A ball of mass 400g dropped from a height of 5m. A boy on the ground hits the ball vertically upwards with a bat with an force of 100N so that it attains a vertically height of 20m. The time for which the ball remains in contact with the bat? (g = 10m/s²)

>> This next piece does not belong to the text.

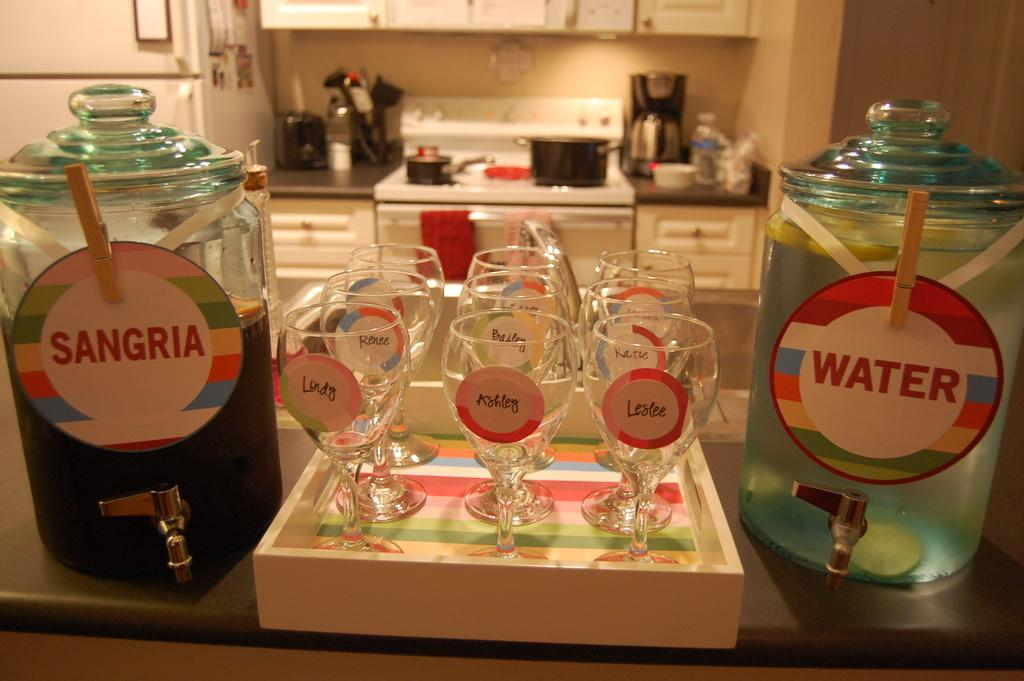<image>
Share a concise interpretation of the image provided. Six wine glasses on a serving tray between two glass beverage dispensers filled with water and Sangria. 
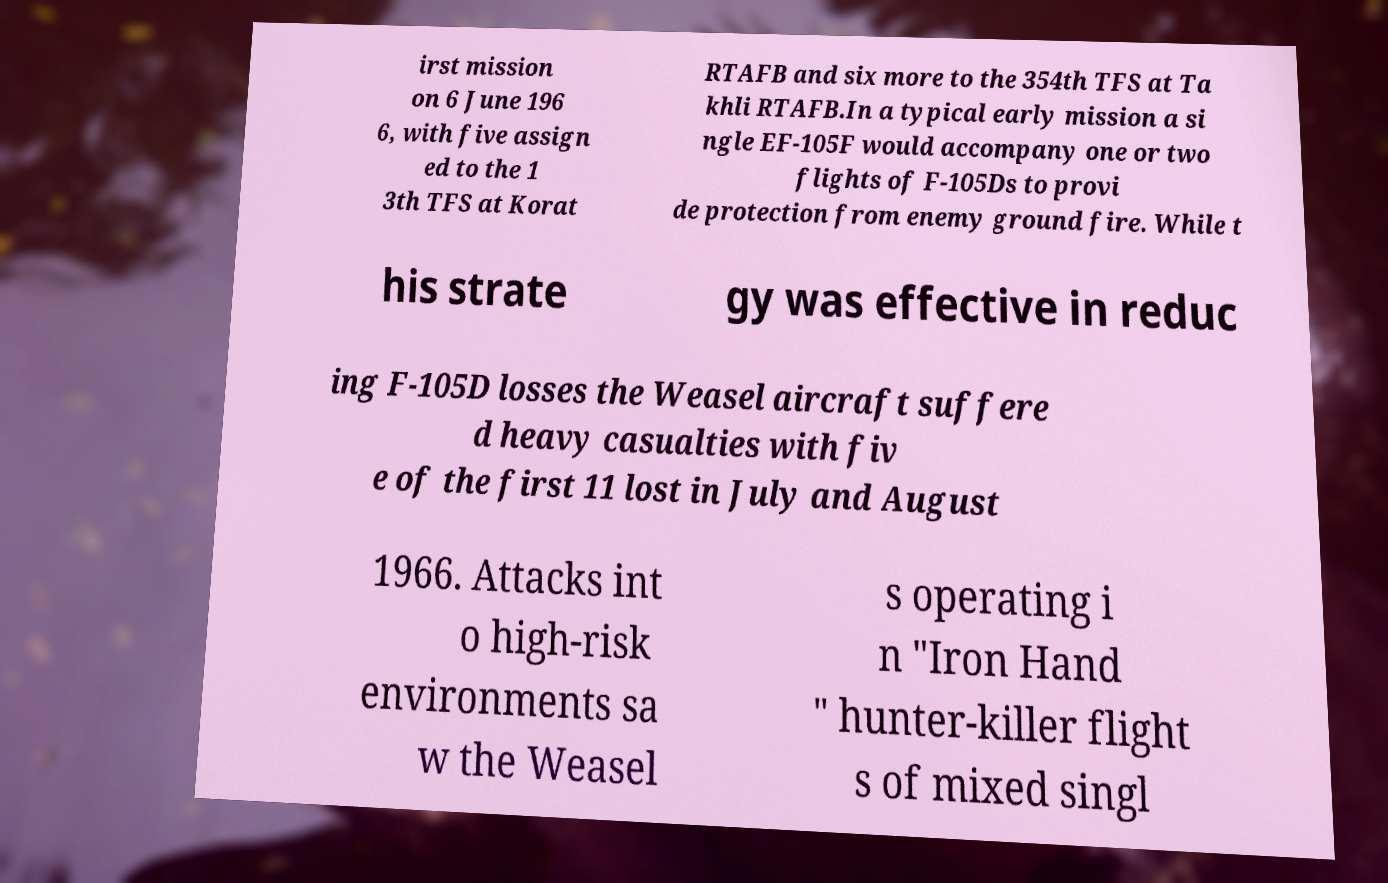Please identify and transcribe the text found in this image. irst mission on 6 June 196 6, with five assign ed to the 1 3th TFS at Korat RTAFB and six more to the 354th TFS at Ta khli RTAFB.In a typical early mission a si ngle EF-105F would accompany one or two flights of F-105Ds to provi de protection from enemy ground fire. While t his strate gy was effective in reduc ing F-105D losses the Weasel aircraft suffere d heavy casualties with fiv e of the first 11 lost in July and August 1966. Attacks int o high-risk environments sa w the Weasel s operating i n "Iron Hand " hunter-killer flight s of mixed singl

the initial momentum of the ball will be

p_i = mv_i

here,

m = mass of the ball = 400g = 0.4kg

v_i = initial velocity = [2gh_i]^1/2

{h_i = 5m}

=  [2 x 10 x 5]^1/2 = 10 m/s

so,

p_i = 0.4 x 10

thus,

p_i = 4 kg.m/s

and

the initial momentum of the ball will be

p_f = mv_f

here,

v_f = final velocity = [2gh_f]^1/2

{h_f = 20m}

=  [2 x 10 x 20]^1/2 = 20 m/s

so,

p_f = 0.4 x 20

thus,

p_f = 8 kg.m/s

now,

we know from Newton's Second Law

force = rate of change of momentum

F = dp/dt = [p_f - p_i] / dt

or

{F = 100 N}

dt =  [p_f - p_i] / F

= [8 - (-4)] / 100

{negative sign because p_i is directed downwards; convention}

thus, contact time of ball with bat will be

dt = 0.12 s